What to do: Where the records below show the word "Rendered" in a line, please copy that line.

------ Information ------

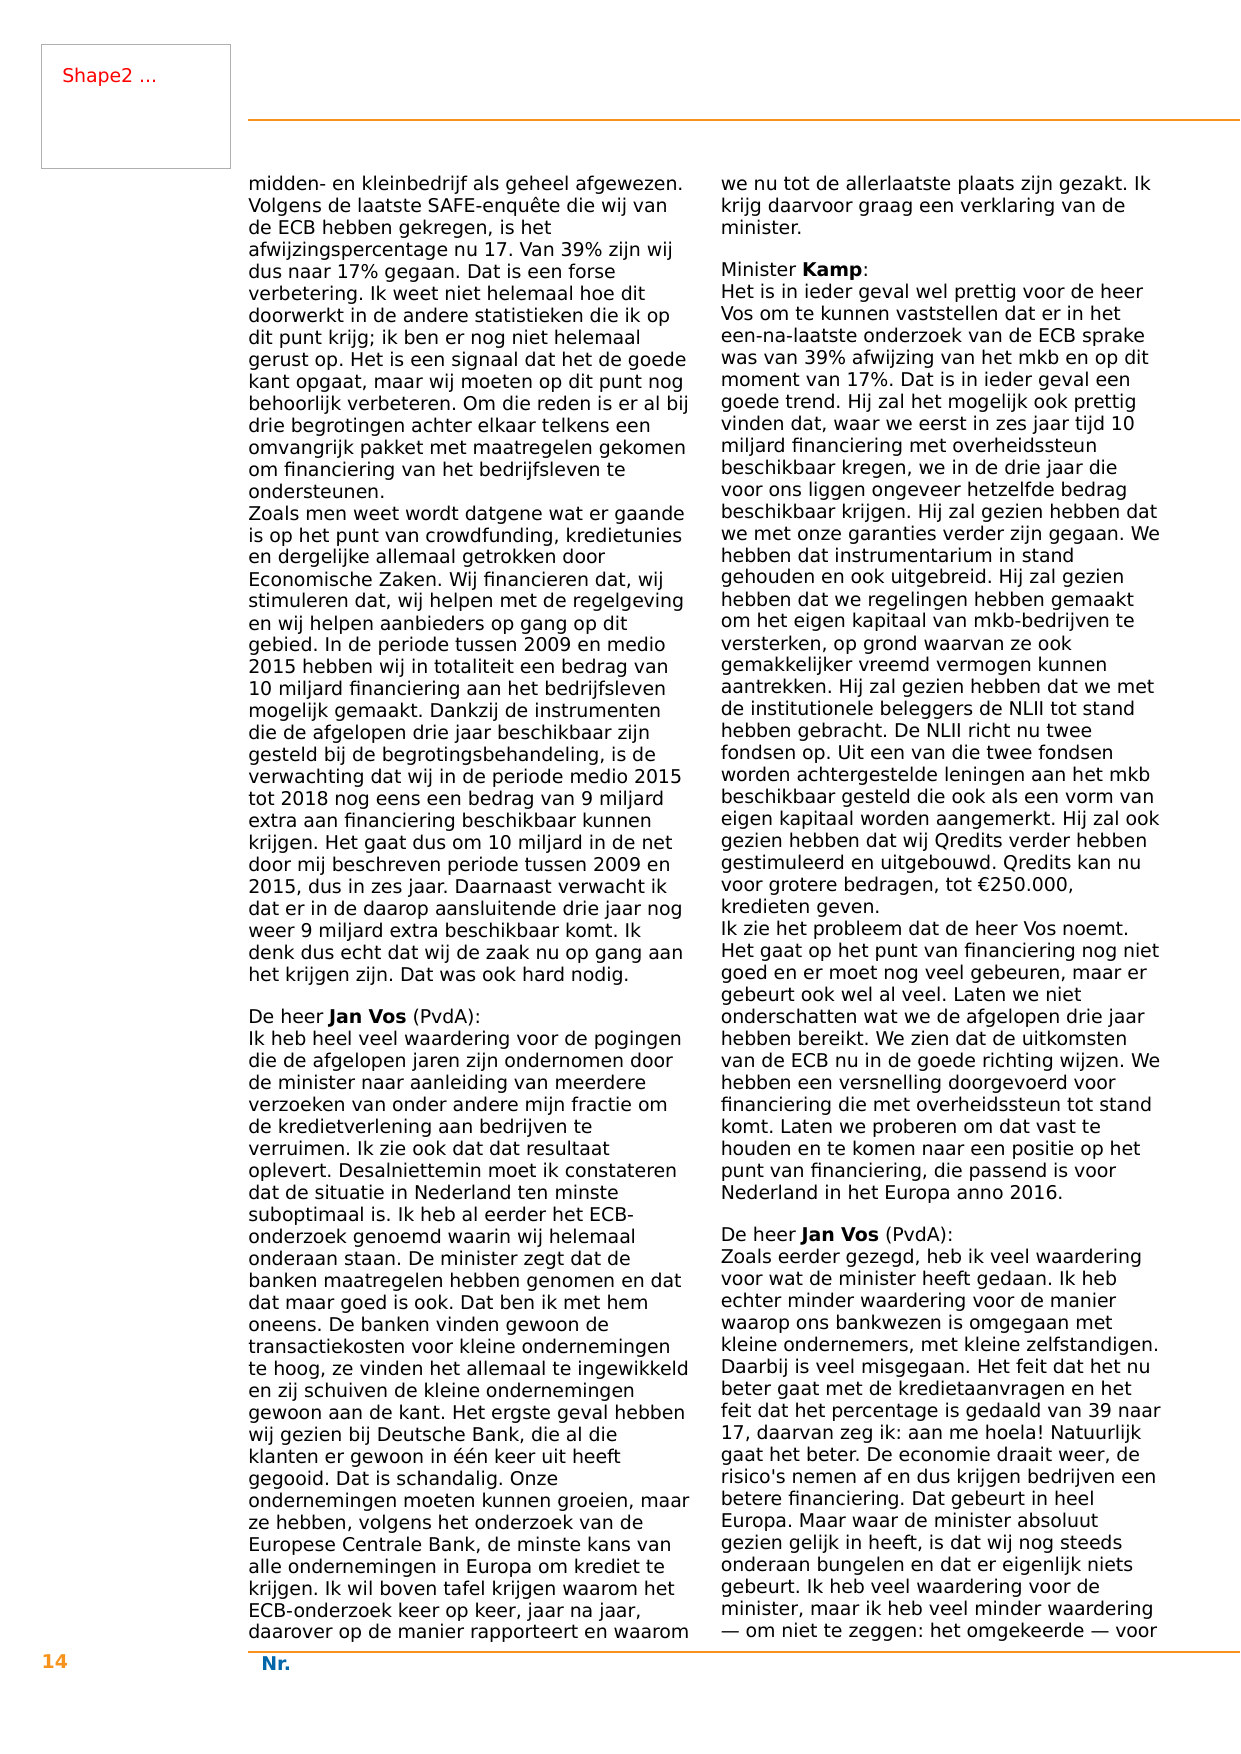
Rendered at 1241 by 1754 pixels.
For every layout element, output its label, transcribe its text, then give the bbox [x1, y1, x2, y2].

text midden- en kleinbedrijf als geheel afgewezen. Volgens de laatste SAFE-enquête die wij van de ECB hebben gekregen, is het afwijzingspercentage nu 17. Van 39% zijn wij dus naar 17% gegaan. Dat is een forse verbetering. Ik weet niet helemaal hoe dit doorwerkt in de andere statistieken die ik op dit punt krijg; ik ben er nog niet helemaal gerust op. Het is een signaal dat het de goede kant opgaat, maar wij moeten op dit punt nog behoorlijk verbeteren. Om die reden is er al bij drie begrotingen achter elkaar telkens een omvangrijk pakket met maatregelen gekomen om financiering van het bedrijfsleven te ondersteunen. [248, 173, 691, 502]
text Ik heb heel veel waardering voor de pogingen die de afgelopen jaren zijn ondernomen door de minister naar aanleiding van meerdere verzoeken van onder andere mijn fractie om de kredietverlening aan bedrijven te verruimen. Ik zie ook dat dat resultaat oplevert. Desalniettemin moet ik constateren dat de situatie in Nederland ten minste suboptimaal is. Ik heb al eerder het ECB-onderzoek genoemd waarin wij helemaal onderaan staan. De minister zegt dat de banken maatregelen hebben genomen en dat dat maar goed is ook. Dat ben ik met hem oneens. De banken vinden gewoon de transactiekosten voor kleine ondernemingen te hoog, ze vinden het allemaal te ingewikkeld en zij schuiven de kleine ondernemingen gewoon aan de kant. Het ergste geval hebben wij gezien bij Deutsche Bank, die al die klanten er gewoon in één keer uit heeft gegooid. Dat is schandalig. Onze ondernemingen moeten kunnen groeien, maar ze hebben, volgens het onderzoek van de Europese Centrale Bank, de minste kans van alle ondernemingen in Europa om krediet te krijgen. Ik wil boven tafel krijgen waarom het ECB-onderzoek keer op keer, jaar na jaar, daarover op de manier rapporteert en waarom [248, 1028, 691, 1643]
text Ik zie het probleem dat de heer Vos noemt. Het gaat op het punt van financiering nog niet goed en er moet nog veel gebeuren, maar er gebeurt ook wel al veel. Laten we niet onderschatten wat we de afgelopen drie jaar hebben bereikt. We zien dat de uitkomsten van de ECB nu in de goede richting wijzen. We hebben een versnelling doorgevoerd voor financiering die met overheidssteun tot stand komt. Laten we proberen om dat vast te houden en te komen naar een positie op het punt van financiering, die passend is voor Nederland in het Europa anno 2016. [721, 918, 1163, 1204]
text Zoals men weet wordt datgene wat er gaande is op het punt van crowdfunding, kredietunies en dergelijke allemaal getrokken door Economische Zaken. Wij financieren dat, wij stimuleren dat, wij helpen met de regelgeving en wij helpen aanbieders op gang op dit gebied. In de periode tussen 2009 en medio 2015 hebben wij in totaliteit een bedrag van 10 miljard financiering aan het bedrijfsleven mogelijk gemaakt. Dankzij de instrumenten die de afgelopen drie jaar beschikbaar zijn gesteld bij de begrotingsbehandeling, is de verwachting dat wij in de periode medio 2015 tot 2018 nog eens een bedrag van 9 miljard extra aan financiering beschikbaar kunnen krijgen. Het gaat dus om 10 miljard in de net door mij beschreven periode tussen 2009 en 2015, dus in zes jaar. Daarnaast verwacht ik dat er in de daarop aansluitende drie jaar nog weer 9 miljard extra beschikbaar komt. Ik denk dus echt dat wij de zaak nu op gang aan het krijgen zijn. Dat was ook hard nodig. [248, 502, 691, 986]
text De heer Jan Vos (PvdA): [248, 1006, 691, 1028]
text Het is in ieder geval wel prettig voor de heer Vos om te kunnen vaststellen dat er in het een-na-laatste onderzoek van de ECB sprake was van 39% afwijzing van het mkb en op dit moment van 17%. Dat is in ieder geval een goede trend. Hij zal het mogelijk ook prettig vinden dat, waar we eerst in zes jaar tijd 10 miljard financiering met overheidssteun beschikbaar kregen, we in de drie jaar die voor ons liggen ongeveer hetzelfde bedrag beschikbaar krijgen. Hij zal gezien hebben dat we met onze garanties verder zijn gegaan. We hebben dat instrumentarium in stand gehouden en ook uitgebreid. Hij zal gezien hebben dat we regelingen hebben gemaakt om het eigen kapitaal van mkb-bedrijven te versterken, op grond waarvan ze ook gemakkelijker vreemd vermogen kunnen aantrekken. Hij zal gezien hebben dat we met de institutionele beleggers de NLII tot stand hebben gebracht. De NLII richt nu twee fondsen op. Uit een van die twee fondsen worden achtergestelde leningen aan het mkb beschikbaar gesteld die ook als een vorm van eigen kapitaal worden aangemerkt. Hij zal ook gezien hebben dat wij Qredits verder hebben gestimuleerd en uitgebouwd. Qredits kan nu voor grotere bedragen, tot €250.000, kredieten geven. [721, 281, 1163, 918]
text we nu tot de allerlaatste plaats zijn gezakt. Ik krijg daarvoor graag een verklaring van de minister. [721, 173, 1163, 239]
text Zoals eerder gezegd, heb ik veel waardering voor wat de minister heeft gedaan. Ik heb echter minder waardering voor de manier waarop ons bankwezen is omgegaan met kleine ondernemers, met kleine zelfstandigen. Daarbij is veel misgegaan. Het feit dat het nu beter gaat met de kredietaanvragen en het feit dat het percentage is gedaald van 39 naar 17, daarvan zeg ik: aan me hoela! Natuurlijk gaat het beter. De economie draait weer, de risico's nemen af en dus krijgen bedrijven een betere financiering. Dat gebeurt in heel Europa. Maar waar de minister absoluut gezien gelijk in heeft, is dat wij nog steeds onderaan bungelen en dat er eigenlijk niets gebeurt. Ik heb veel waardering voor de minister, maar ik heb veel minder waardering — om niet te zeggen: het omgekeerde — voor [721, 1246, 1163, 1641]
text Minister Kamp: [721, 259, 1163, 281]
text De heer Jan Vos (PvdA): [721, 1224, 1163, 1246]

------
------ Information ------

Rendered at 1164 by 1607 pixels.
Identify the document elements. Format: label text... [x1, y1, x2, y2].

------

Output of the exercise:
Rendered at 1241 by 1754 pixels.
Rendered at 1164 by 1607 pixels.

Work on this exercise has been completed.